#### Available records
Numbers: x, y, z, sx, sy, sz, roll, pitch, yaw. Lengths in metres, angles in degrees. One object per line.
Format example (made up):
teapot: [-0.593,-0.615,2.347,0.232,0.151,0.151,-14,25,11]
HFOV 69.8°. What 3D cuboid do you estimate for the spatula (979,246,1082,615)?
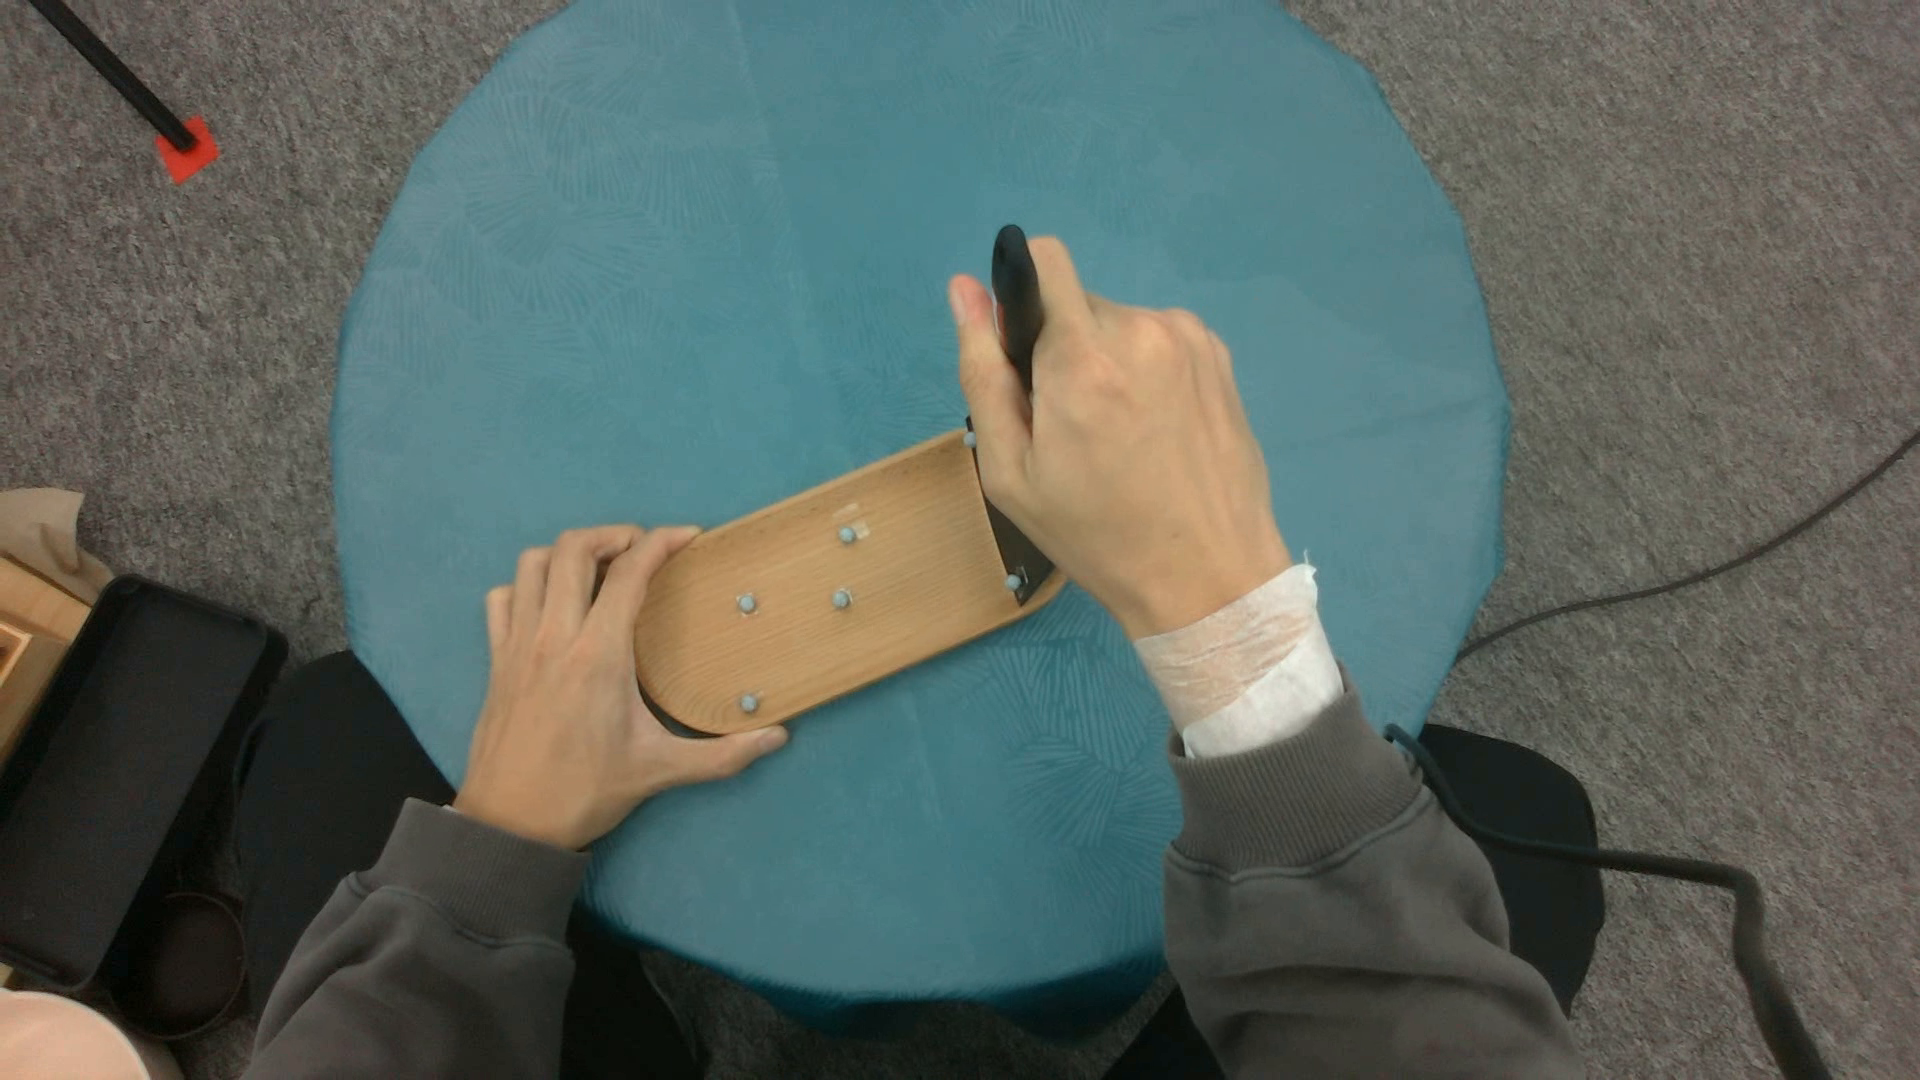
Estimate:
spatula: [0.023,-0.042,0.535,0.040,0.326,0.100,-17,78,3]

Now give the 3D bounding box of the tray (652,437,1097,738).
tray: [-0.041,0.023,0.690,0.231,0.020,0.102,-23,76,-6]

#### Aim of the task
Transcribe exactly, and only, the lines from the one with "HFOV 69.8°. What" through the final line of the data above. The pictures stay out.

#### Your response
HFOV 69.8°. What 3D cuboid do you estimate for the spatula (979,246,1082,615)?
Estimate:
spatula: [0.023,-0.042,0.535,0.040,0.326,0.100,-17,78,3]

Now give the 3D bounding box of the tray (652,437,1097,738).
tray: [-0.041,0.023,0.690,0.231,0.020,0.102,-23,76,-6]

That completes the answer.